Task: Exactly as written, output each of the lines below, with no images.

Data excerpts:
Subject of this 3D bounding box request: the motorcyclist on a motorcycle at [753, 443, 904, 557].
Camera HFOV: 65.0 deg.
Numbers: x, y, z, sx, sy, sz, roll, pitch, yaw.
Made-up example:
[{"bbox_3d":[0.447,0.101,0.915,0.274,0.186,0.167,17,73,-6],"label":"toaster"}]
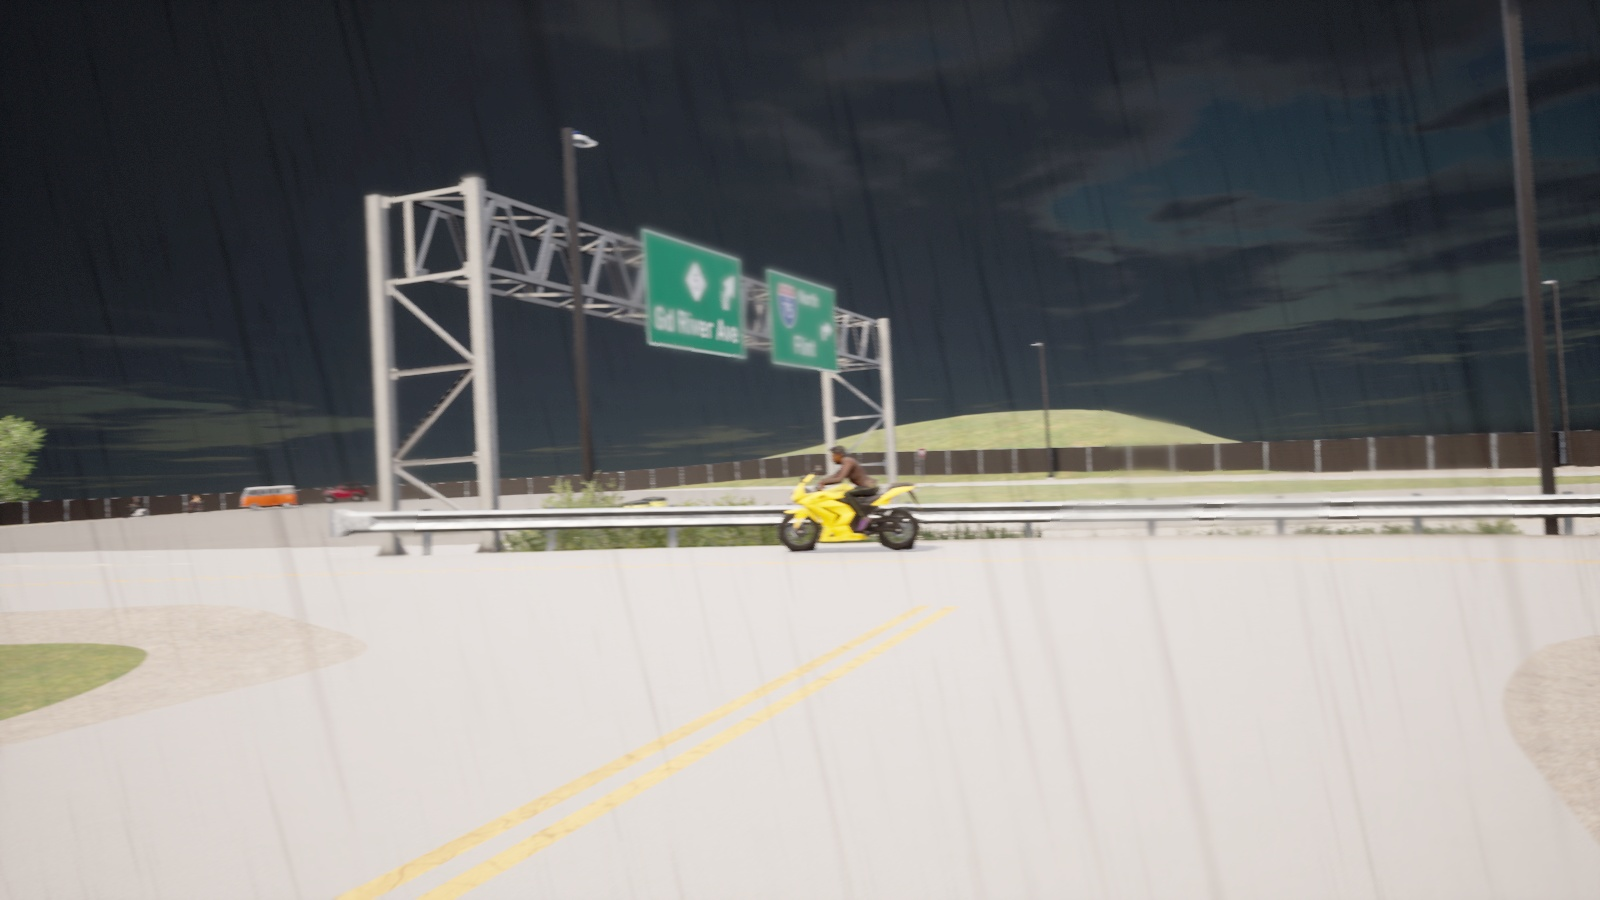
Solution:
[{"bbox_3d":[0.405,0.693,17.652,2.044,1.523,0.797,-1,0,3],"label":"motorcyclist on a motorcycle"}]

Result of the exercise:
Subject of this 3D bounding box request: the motorcyclist on a motorcycle at [753, 443, 904, 557].
Camera HFOV: 65.0 deg.
Numbers: x, y, z, sx, sy, sz, roll, pitch, yaw.
Made-up example:
[{"bbox_3d":[0.447,0.101,0.915,0.274,0.186,0.167,17,73,-6],"label":"toaster"}]
Solution:
[{"bbox_3d":[0.405,0.693,17.652,2.044,1.523,0.797,-1,0,3],"label":"motorcyclist on a motorcycle"}]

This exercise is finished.